Sie dürfen Tresato nach dem auf dem Behältnis und Umkarton angegebenen Verfalldatum nicht mehr verwenden. Das Verfalldatum bezieht sich auf den letzten Tag des Monats.
Blisterpackung: In der Originalverpackung aufbewahren, um den Inhalt vor Feuchtigkeit zu schützen.
Das Arzneimittel darf nicht im Abwasser oder Haushaltsabfall entsorgt werden. Fragen Sie Ihren Apotheker, wie das Arzneimittel zu entsorgen ist, wenn Sie es nicht mehr benötigen. Diese Maßnahme hilft die Umwelt zu schützen.

Zusätzliche Informationen

Gebrauchsinformation: Information für den Anwender
Tresato 30 mg Filmtabletten
Tresato 60 mg Filmtabletten
Tresato 90 mg Filmtabletten
Tresato 120 mg Filmtabletten
Wirkstoff: Etoricoxib
Lesen Sie die gesamte Packungsbeilage sorgfältig durch, bevor Sie mit der Einnahme dieses Arzneimittels beginnen.

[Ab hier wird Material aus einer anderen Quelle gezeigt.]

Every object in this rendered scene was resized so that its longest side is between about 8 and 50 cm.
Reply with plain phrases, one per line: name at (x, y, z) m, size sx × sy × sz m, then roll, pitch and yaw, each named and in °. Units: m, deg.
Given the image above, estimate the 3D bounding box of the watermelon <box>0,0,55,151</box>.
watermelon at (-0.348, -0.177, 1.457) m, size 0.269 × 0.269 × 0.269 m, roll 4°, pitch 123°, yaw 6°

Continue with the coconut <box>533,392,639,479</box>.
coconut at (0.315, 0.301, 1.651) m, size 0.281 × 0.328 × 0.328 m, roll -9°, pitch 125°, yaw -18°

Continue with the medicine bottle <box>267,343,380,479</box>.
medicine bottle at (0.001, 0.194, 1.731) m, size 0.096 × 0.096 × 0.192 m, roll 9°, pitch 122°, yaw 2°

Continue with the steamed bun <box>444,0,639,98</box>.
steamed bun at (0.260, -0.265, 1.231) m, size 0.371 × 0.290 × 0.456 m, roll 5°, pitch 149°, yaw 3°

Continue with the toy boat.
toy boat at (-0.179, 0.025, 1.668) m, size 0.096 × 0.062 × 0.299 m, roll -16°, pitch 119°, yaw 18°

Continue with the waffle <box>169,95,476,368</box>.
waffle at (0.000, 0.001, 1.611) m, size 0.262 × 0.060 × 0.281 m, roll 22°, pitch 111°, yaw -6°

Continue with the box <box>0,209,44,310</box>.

• Heben Sie die Packungsbeilage auf. Vielleicht möchten Sie diese später nochmals lesen.
• Wenn Sie weitere Fragen haben, wenden Sie sich an Ihren Arzt oder Apotheker.
• Dieses Arzneimittel wurde Ihnen persönlich verschrieben. Geben Sie es nicht an Dritte weiter. Es kann anderen Menschen schaden, auch wenn diese dieselben Beschwerden haben wie Sie.
• Wenn eine der aufgeführten Nebenwirkungen Sie erheblich beeinträchtigt oder Sie Nebenwirkungen bemerken, die nicht in dieser Gebrauchsinformation angegeben sind, informieren Sie bitte Ihren Arzt oder Apotheker.